1. A drug for prophylactic use in humans having an increased risk of cancer, comprising:

carvedilol or R-carvedilol. in a clinically effective amount, being administered to a human being at increased risk of cancer;

whereby risk of cancer is reduced.

2. The drug of claim 1, wherein said carvedilol prevents ultraviolet (UV) radiation induced skin cancer by attenuating DNA damage, reducing inflammation and reversing immunosuppression

3. The drug of claim 1, wherein the healthy individuals with increased risks of cancer include any of: individuals with white skin tone, heavy smokers, and individuals with a weakened immune system.

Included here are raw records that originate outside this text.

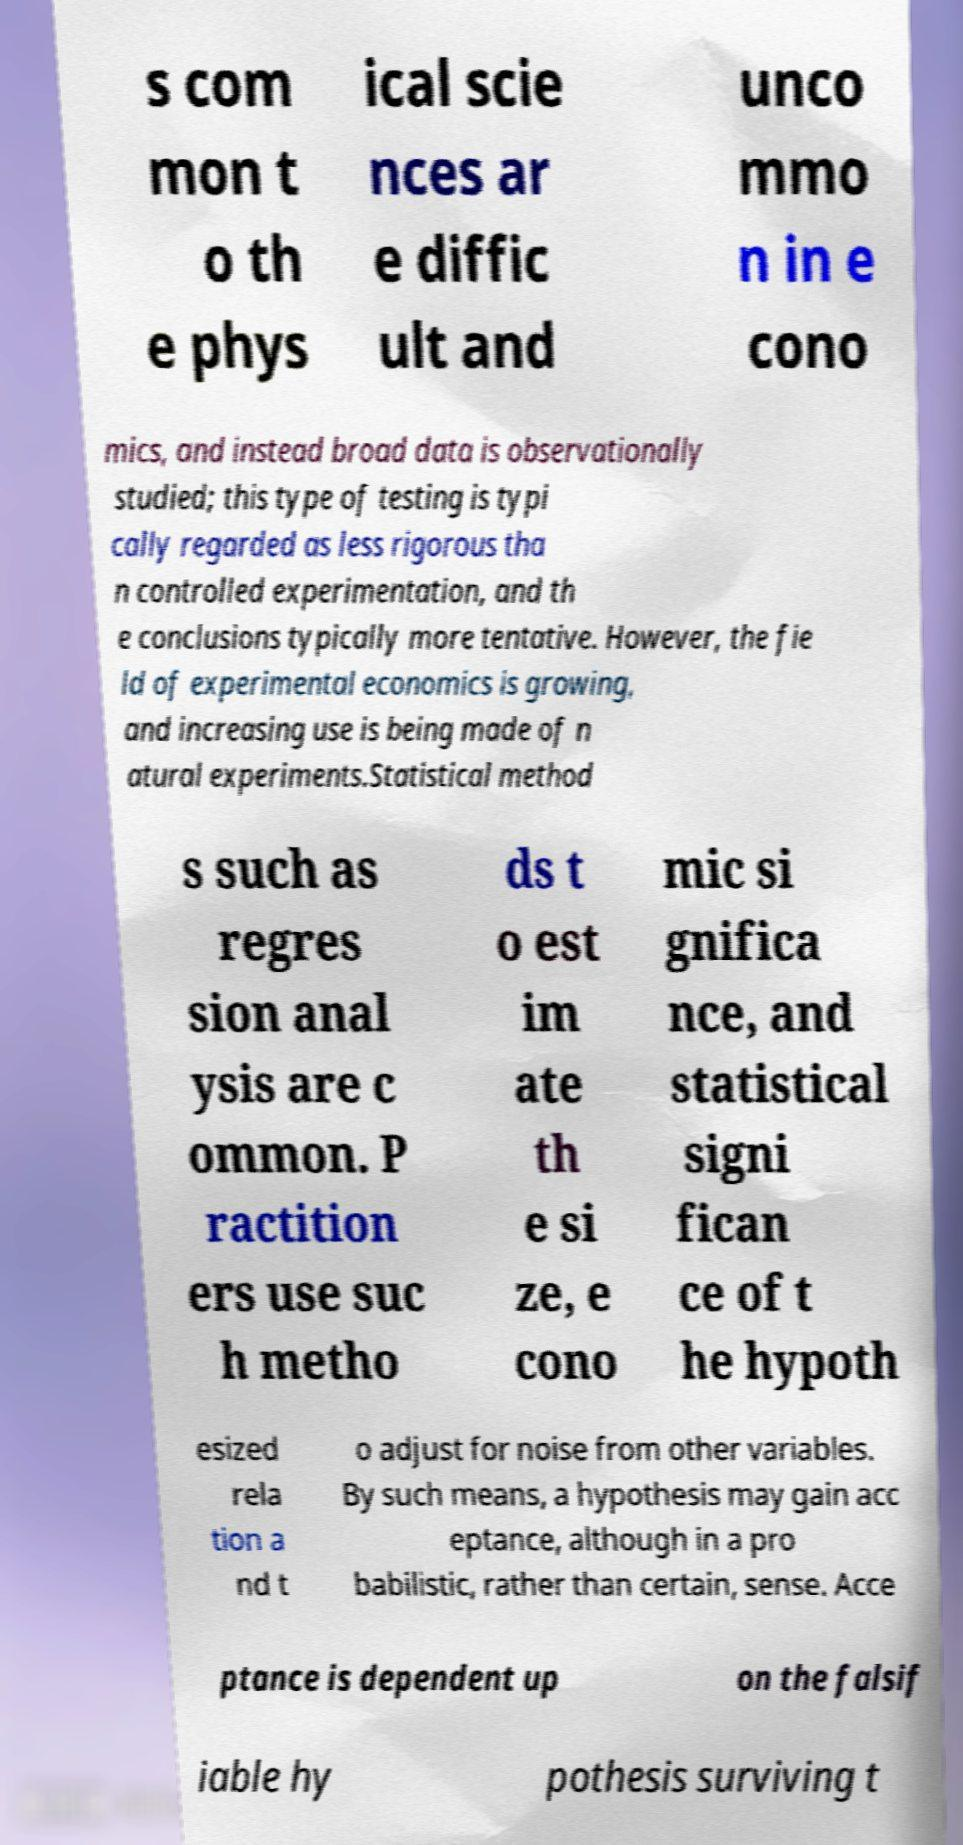Please read and relay the text visible in this image. What does it say? s com mon t o th e phys ical scie nces ar e diffic ult and unco mmo n in e cono mics, and instead broad data is observationally studied; this type of testing is typi cally regarded as less rigorous tha n controlled experimentation, and th e conclusions typically more tentative. However, the fie ld of experimental economics is growing, and increasing use is being made of n atural experiments.Statistical method s such as regres sion anal ysis are c ommon. P ractition ers use suc h metho ds t o est im ate th e si ze, e cono mic si gnifica nce, and statistical signi fican ce of t he hypoth esized rela tion a nd t o adjust for noise from other variables. By such means, a hypothesis may gain acc eptance, although in a pro babilistic, rather than certain, sense. Acce ptance is dependent up on the falsif iable hy pothesis surviving t 
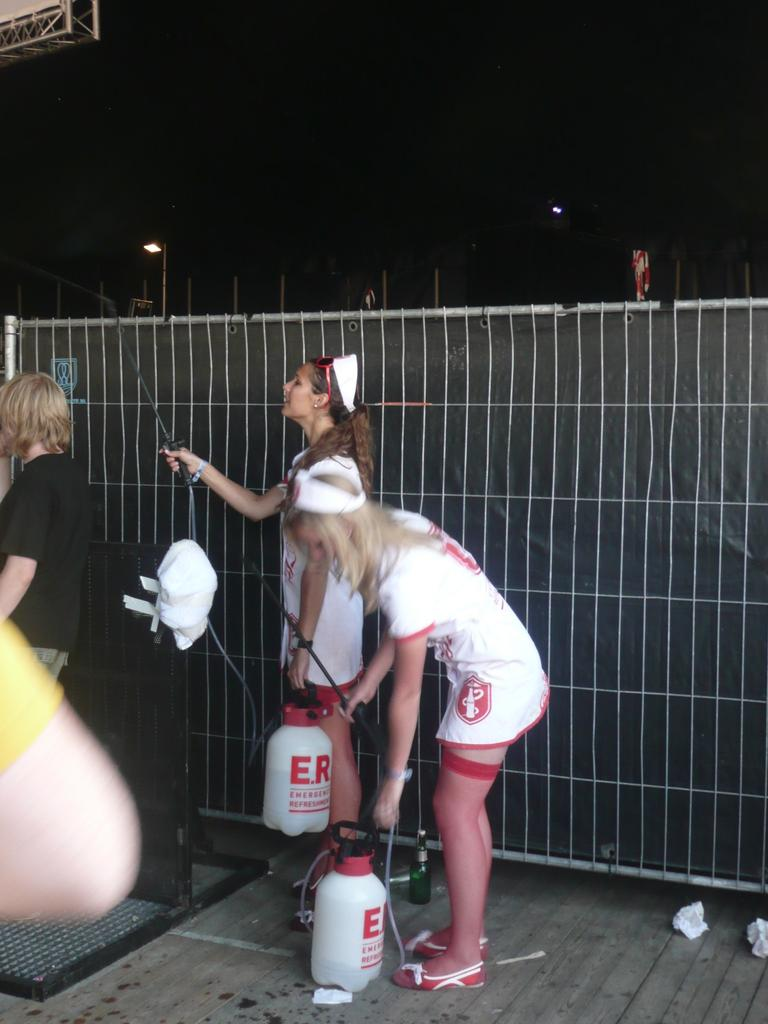<image>
Offer a succinct explanation of the picture presented. A woman in a nurse outfit carries a tank that says E.R. on it. 
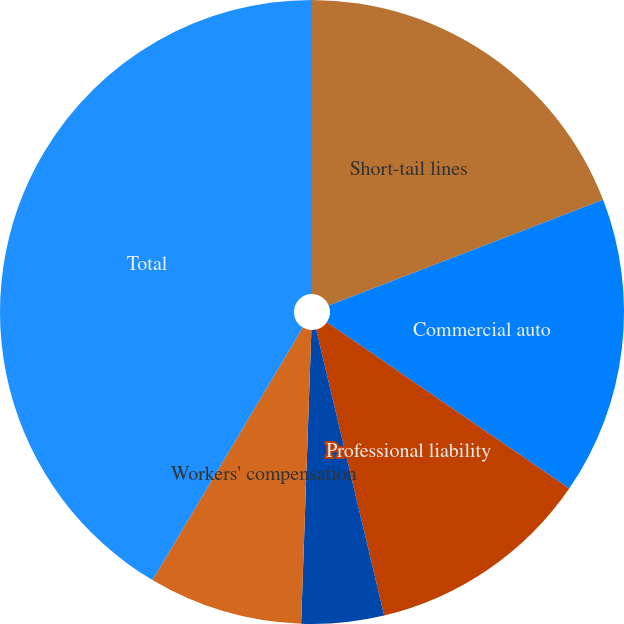<chart> <loc_0><loc_0><loc_500><loc_500><pie_chart><fcel>Short-tail lines<fcel>Commercial auto<fcel>Professional liability<fcel>Other liability<fcel>Workers' compensation<fcel>Total<nl><fcel>19.15%<fcel>15.43%<fcel>11.71%<fcel>4.27%<fcel>7.99%<fcel>41.46%<nl></chart> 
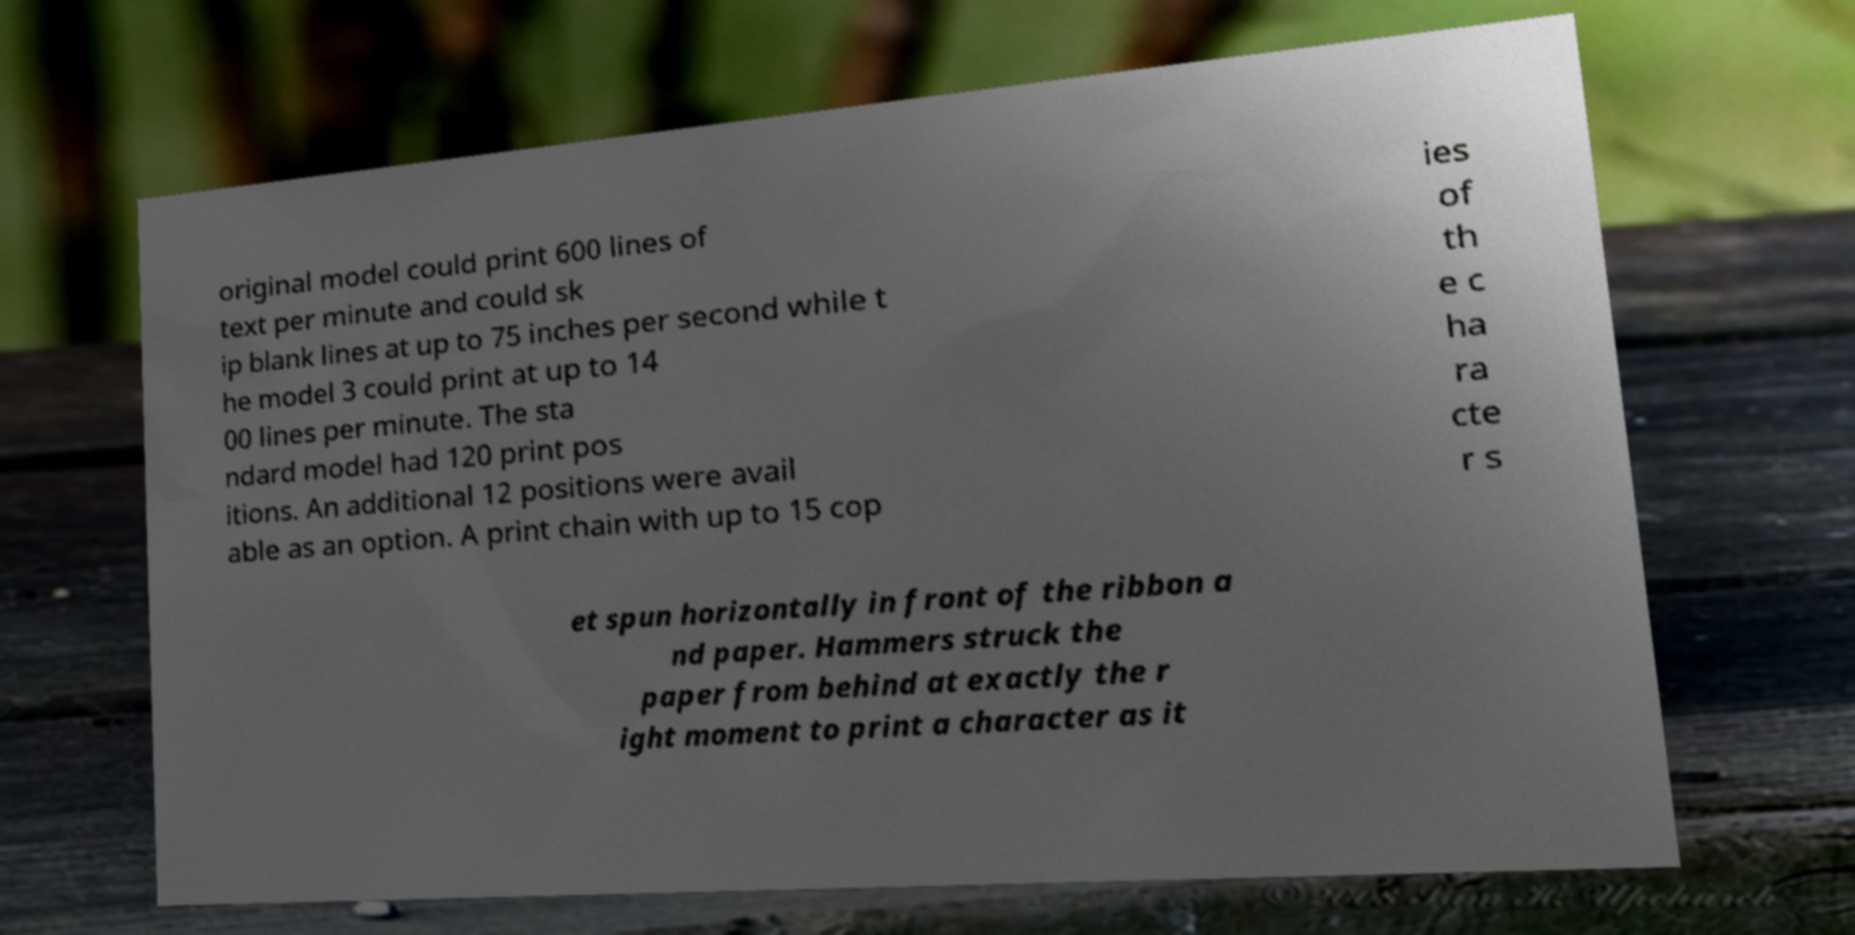For documentation purposes, I need the text within this image transcribed. Could you provide that? original model could print 600 lines of text per minute and could sk ip blank lines at up to 75 inches per second while t he model 3 could print at up to 14 00 lines per minute. The sta ndard model had 120 print pos itions. An additional 12 positions were avail able as an option. A print chain with up to 15 cop ies of th e c ha ra cte r s et spun horizontally in front of the ribbon a nd paper. Hammers struck the paper from behind at exactly the r ight moment to print a character as it

4. The drug of claim 1, wherein said carvedilol prevents chemical carcinogen-induced lung cancer development.

5. A method for reducing risk of cancer in humans having an increased risk of cancer, comprising the steps of:

providing carvedilol or R-carvedilol;

administering said carvedilol or said R-carvedilol. in a clinically effective amount, to a human being at increased risk of cancer;

whereby risk of cancer is reduced.

6. The method of claim 5, comprising the step of using said carvedilol or said R-carvedilol to prevent ultraviolet (UV) radiation induced skin cancer by attenuating DNA damage, reducing inflammation and reversing immunosuppression.

7. The method of claim 5, comprising the step of providingsaid carvedilol or said R-carvedilol to healthy individuals with increased risks of cancer which include any of: individuals with white skin tone, heavy smokers, and individuals with a weakened immune system.

8. The method of claim 5, wherein said carvedilol prevents chemical carcinogen-induced lung cancer development.